START DATA LISTING

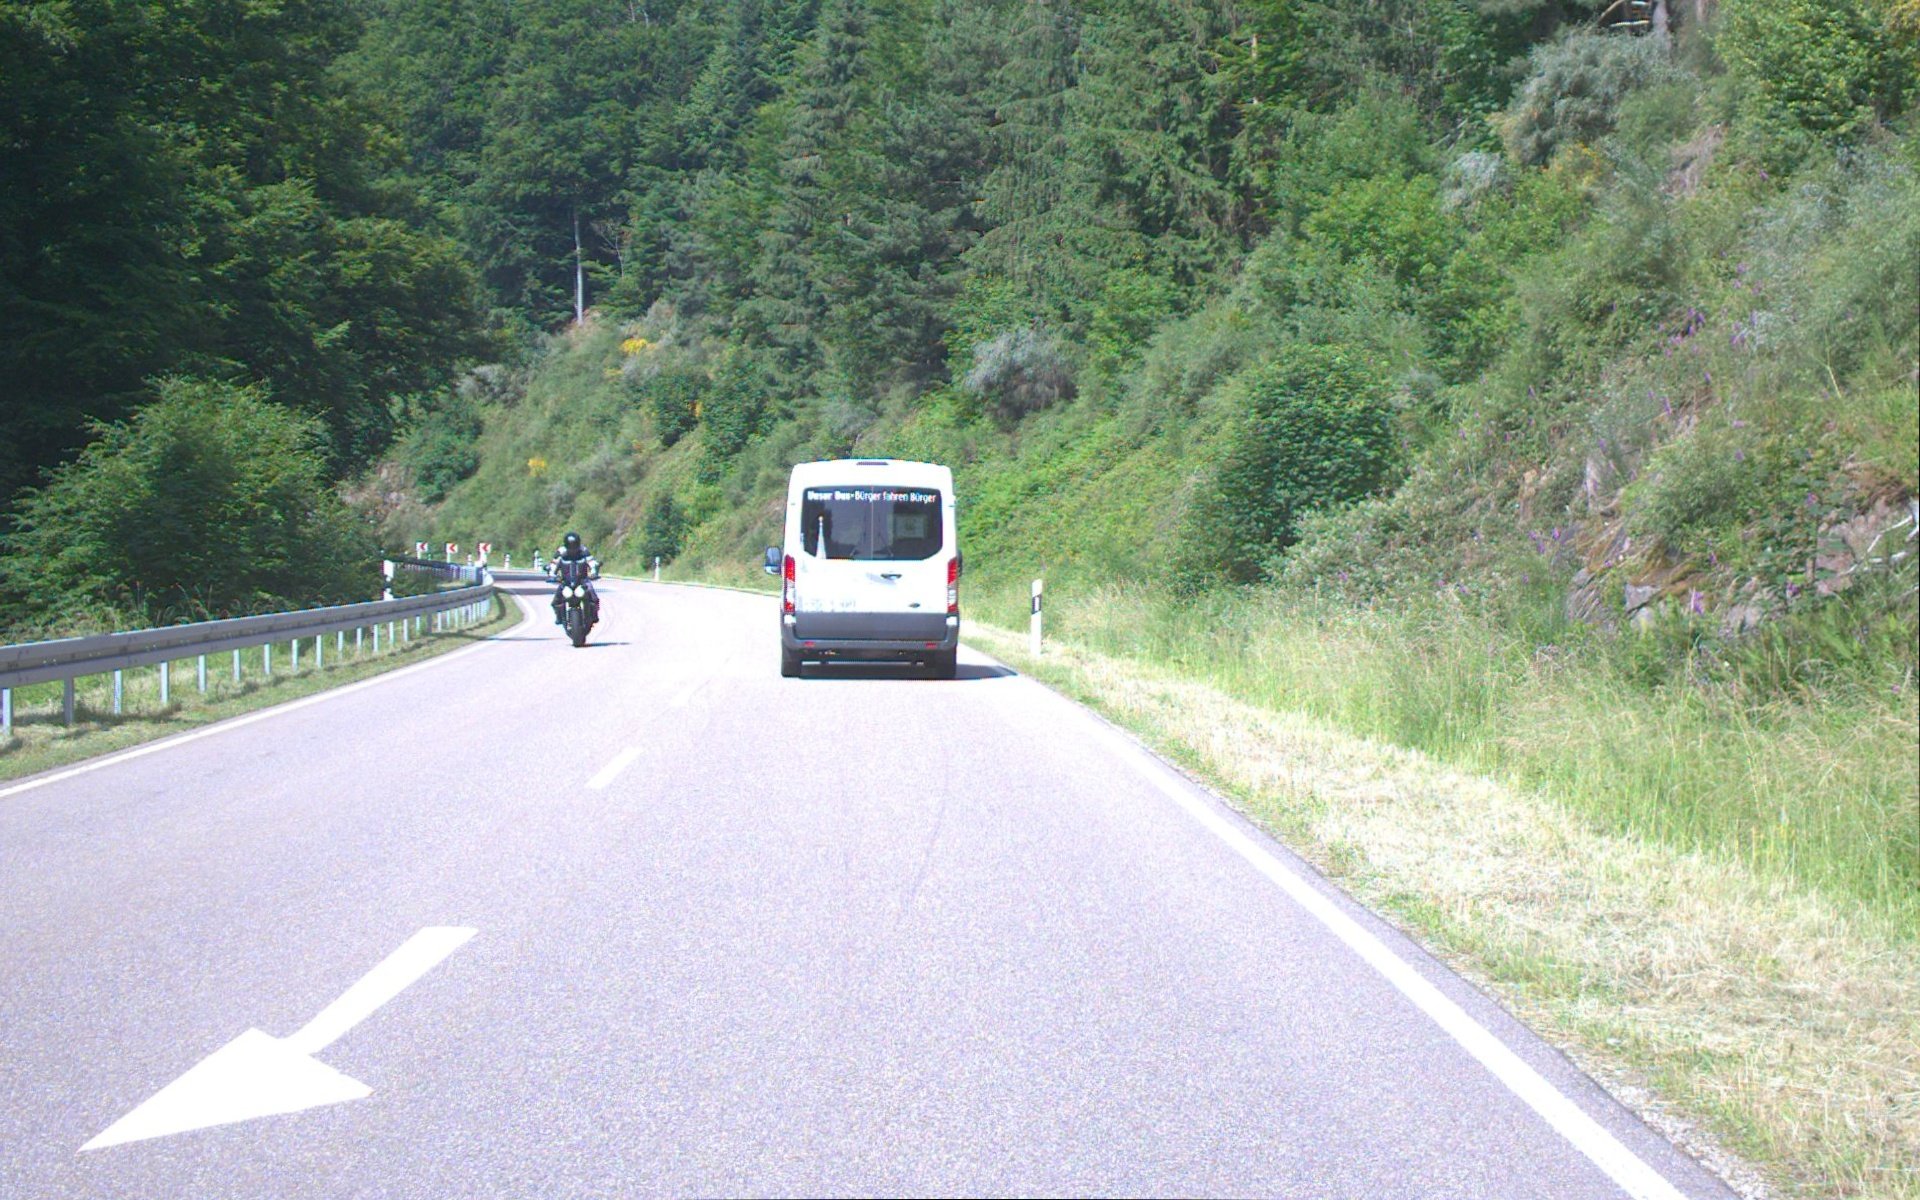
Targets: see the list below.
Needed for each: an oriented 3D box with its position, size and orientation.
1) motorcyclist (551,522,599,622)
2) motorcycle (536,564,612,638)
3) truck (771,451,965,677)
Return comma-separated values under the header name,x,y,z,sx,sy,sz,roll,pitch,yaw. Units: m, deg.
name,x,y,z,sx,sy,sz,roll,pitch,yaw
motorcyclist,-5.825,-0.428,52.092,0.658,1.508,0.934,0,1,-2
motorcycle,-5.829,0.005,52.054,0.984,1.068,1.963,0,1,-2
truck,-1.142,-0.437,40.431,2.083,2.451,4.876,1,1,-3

END DATA LISTING

TASK DIRECTIONS: An exact copy is needed of the lines from the start of the listing through the line with "3) truck (771,451,965,677)", both end lines included and pictures excluded.

COMPLETED EXERCISE:
Targets: see the list below.
Needed for each: an oriented 3D box with its position, size and orientation.
1) motorcyclist (551,522,599,622)
2) motorcycle (536,564,612,638)
3) truck (771,451,965,677)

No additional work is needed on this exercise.